*AVAILABLE DATA:*
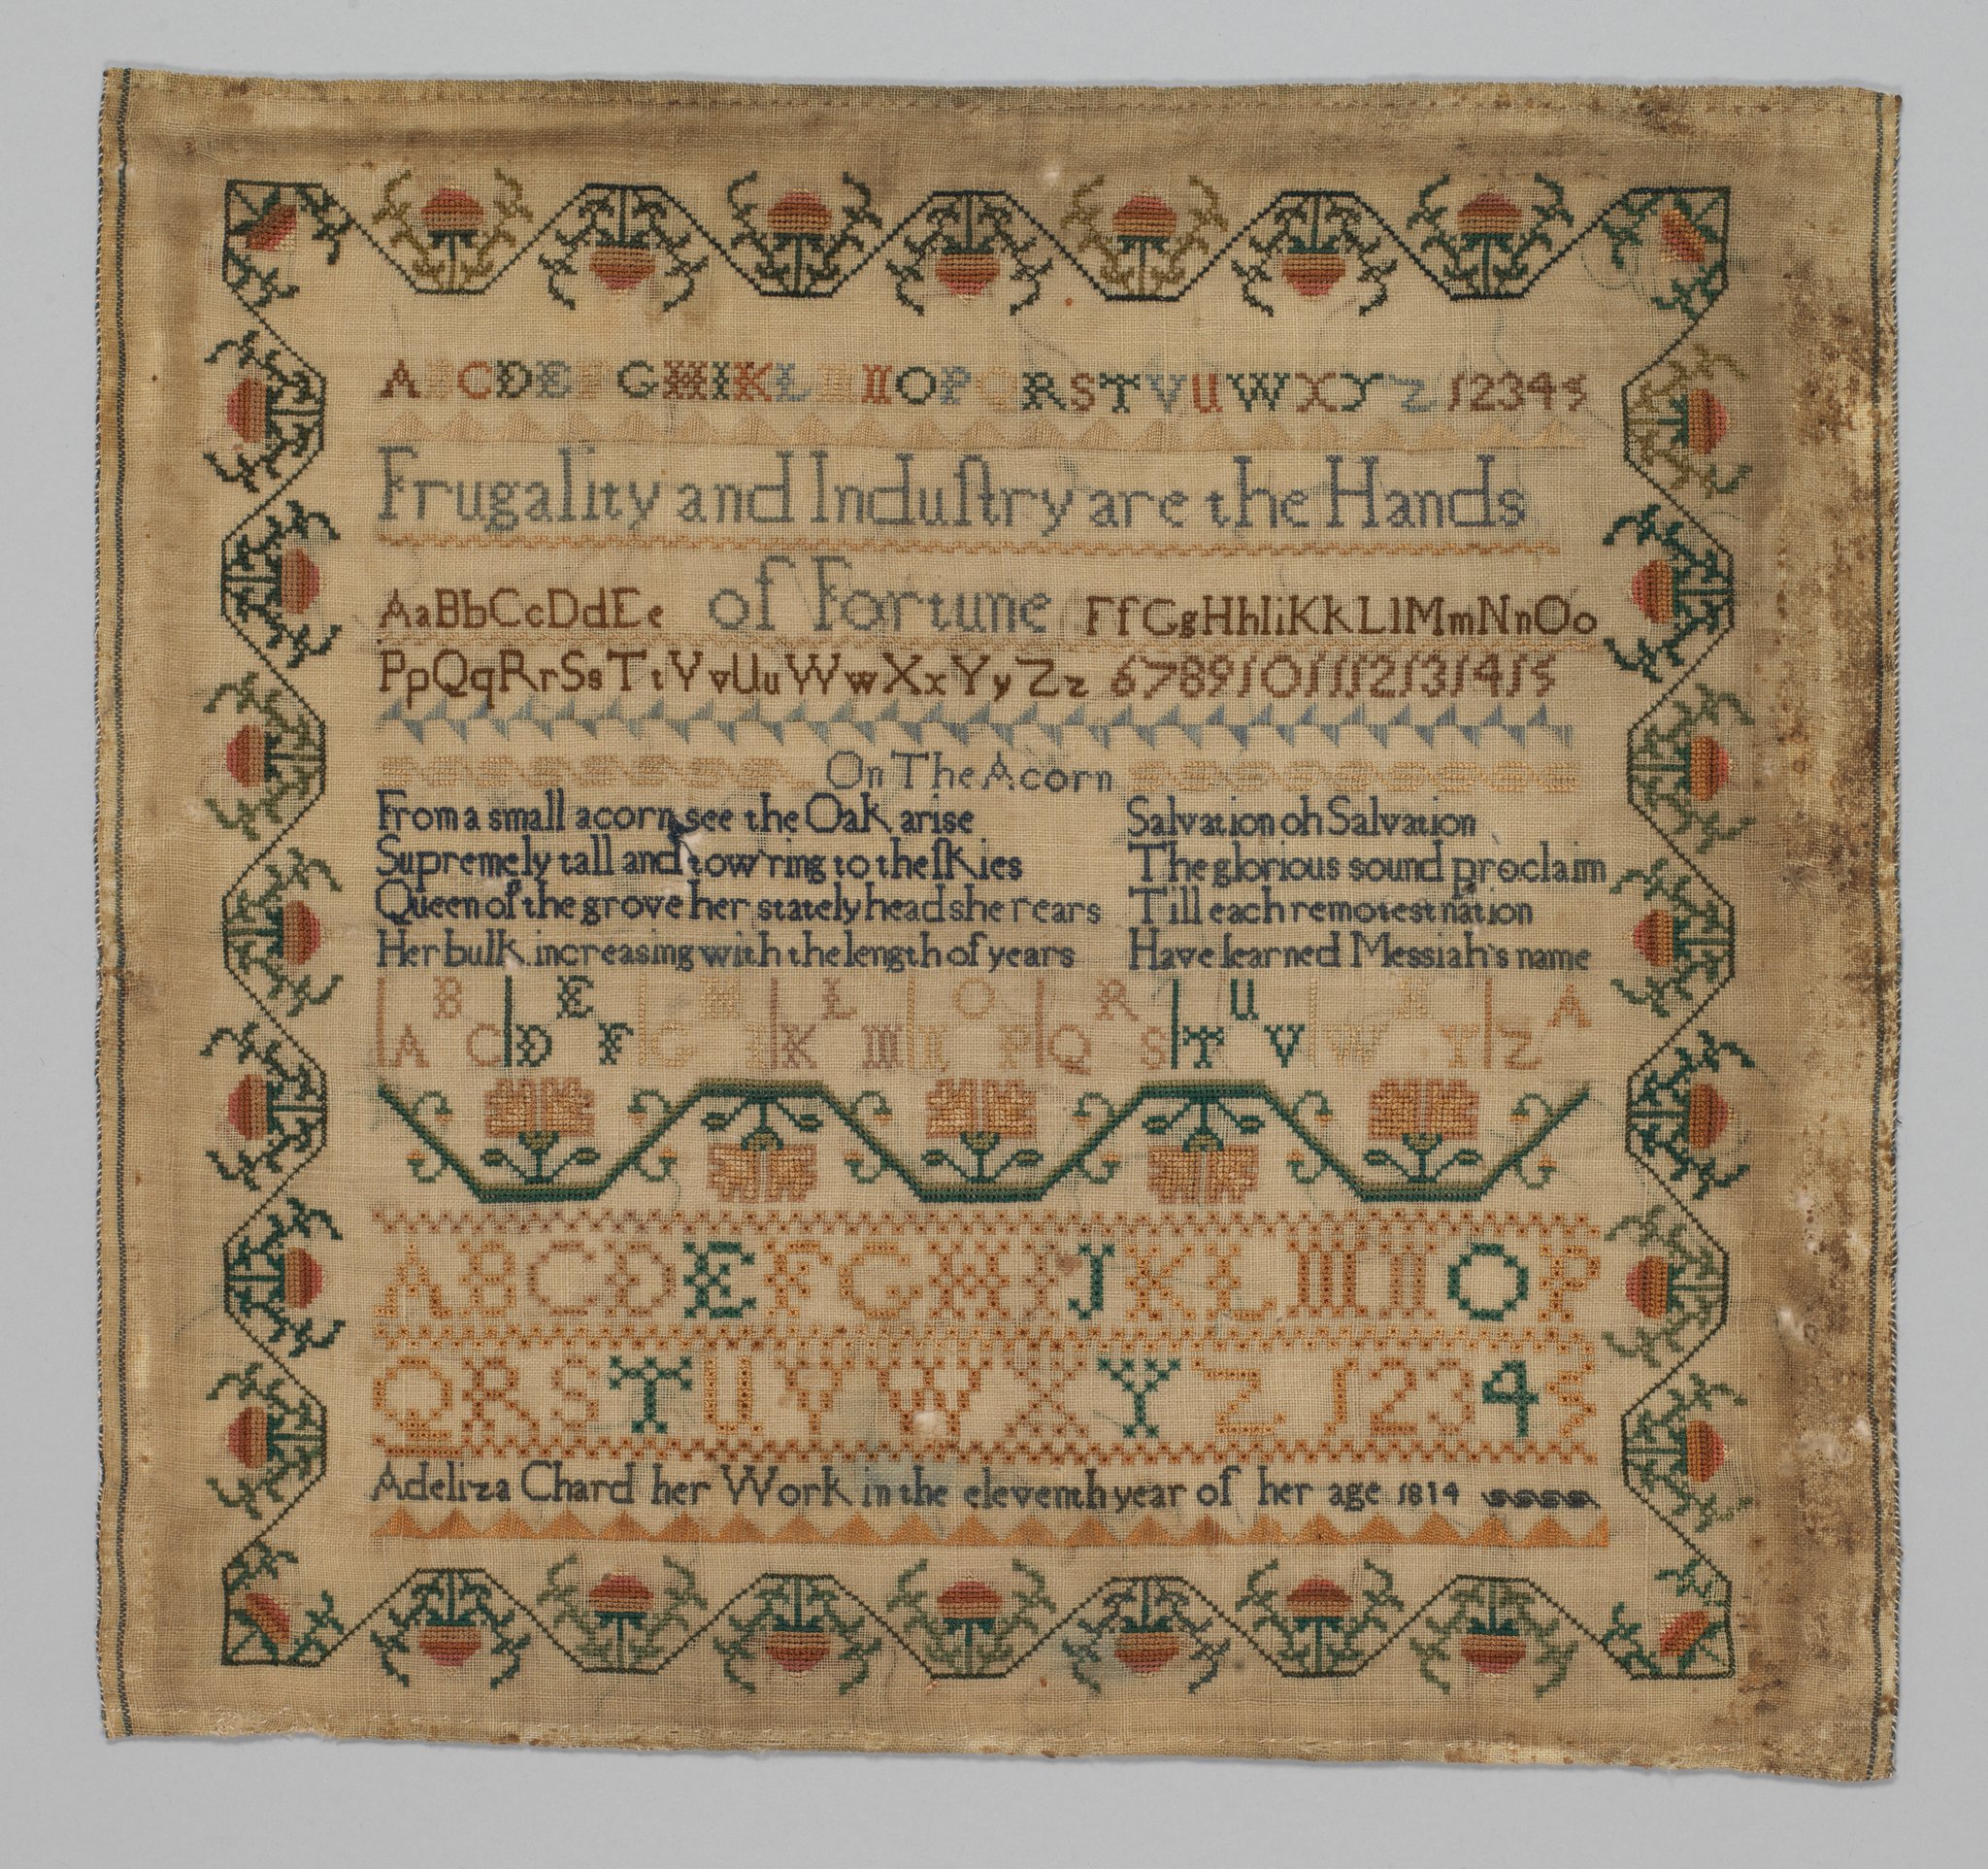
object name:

---

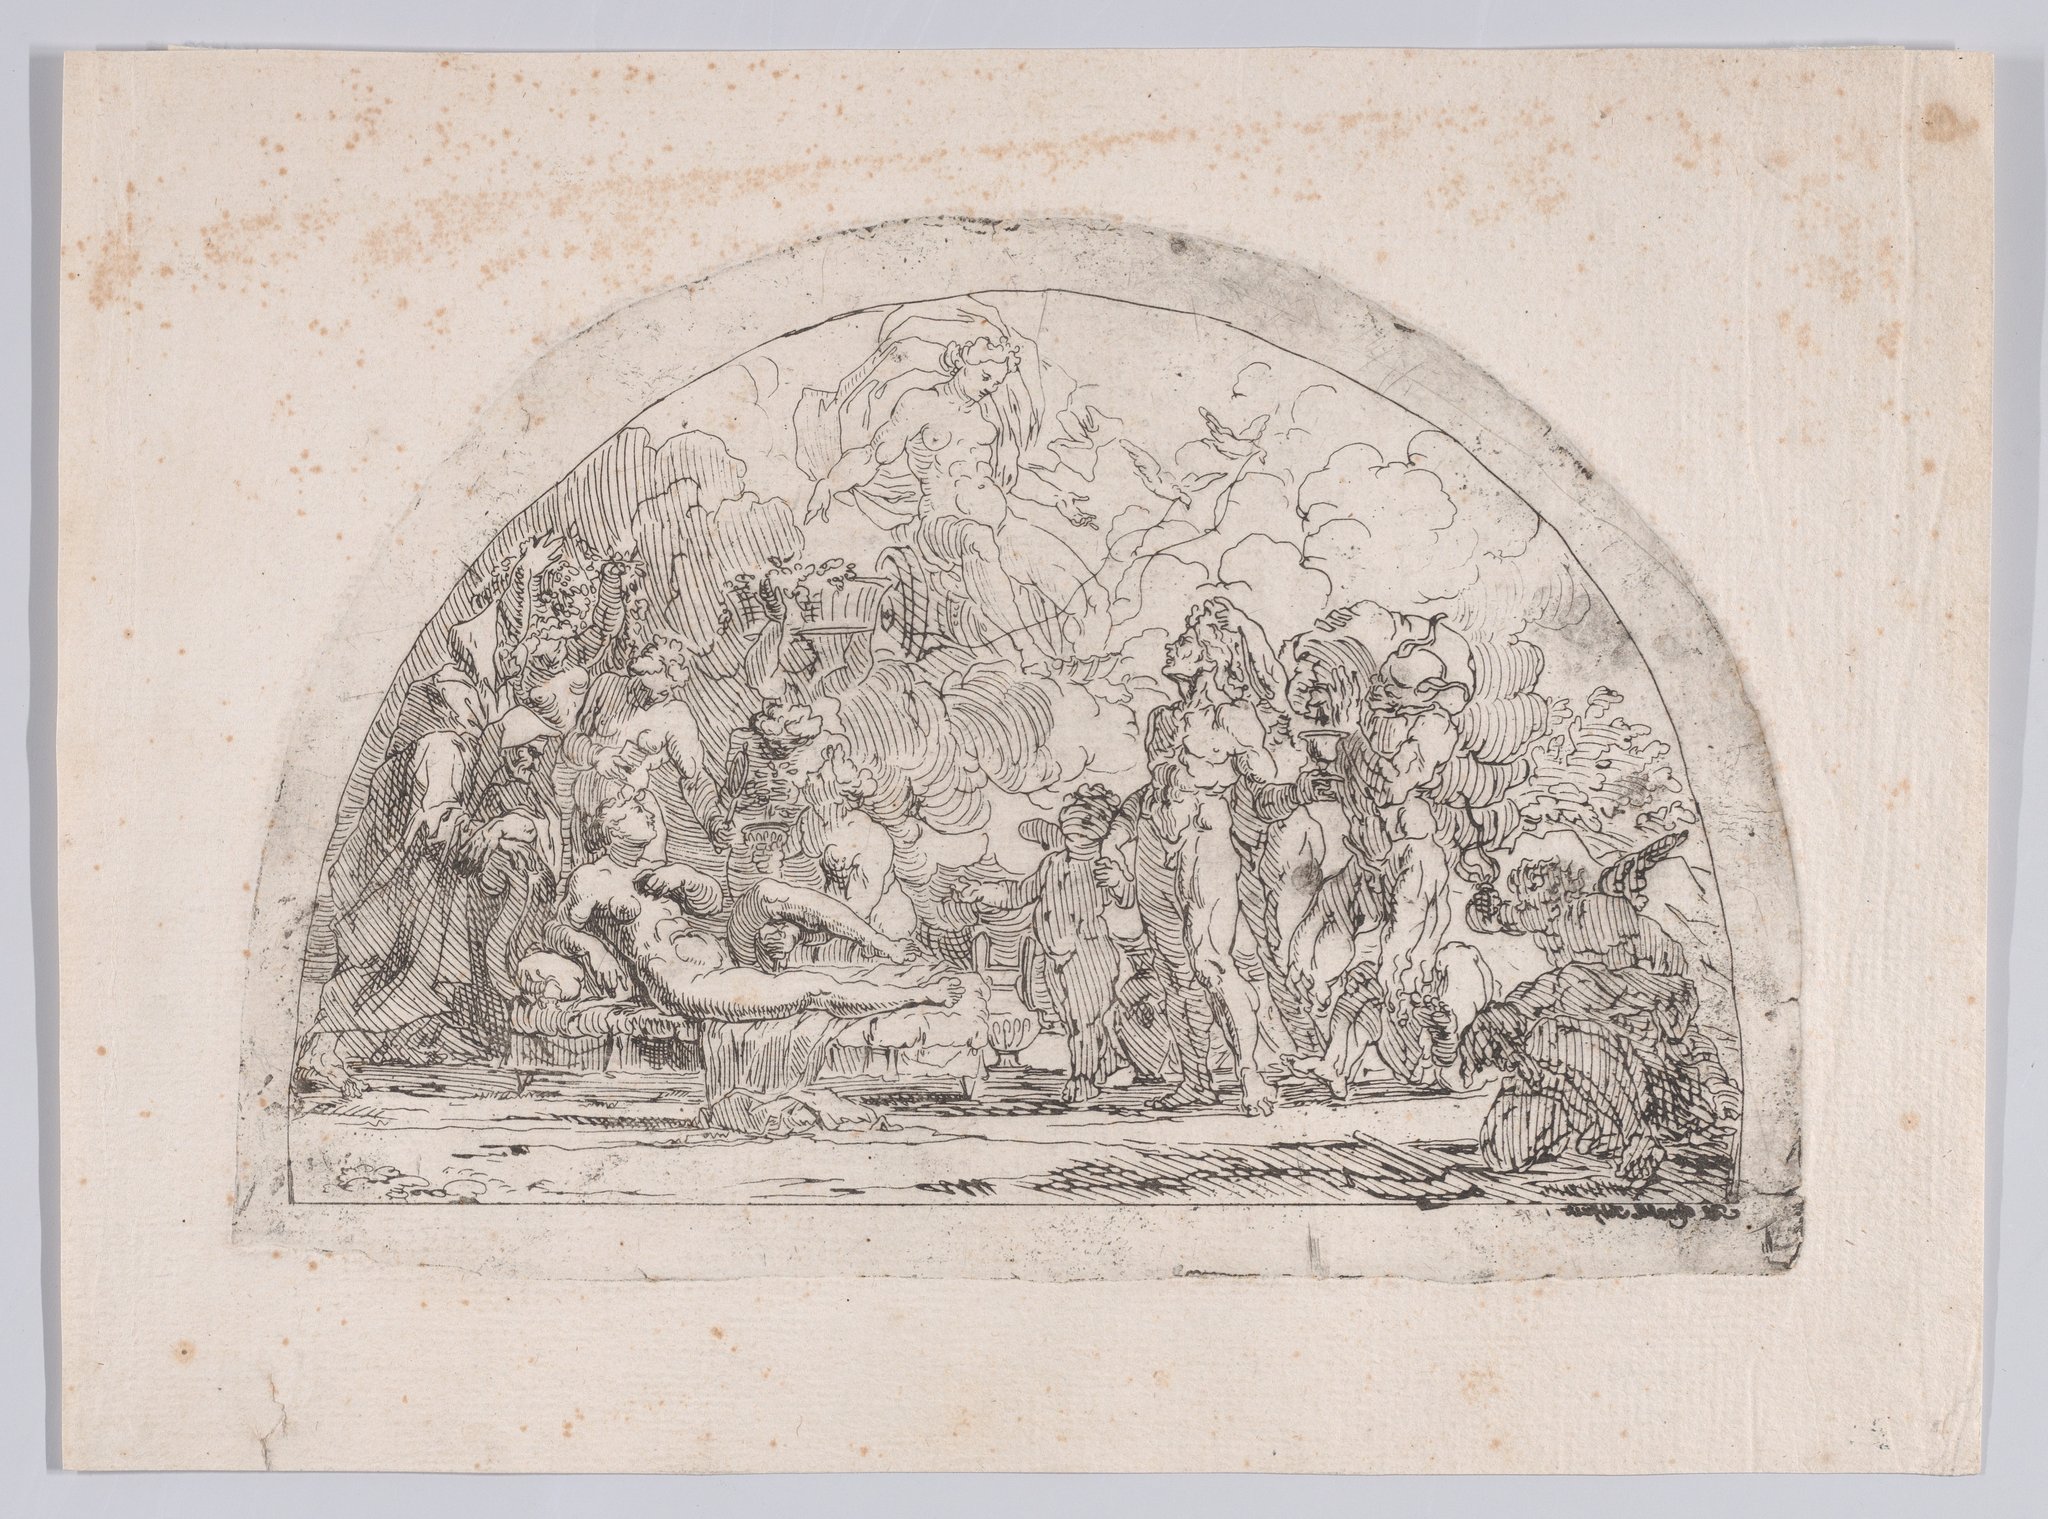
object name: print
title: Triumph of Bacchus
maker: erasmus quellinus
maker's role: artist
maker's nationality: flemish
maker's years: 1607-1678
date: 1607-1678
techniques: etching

*WHAT TO WORK ON:* Would you copy, unchanged, the stretch of the records above that begins at the line containing "maker's role: artist" and ends at the line containing "techniques: etching", and only that?

*ANSWER:*
maker's role: artist
maker's nationality: flemish
maker's years: 1607-1678
date: 1607-1678
techniques: etching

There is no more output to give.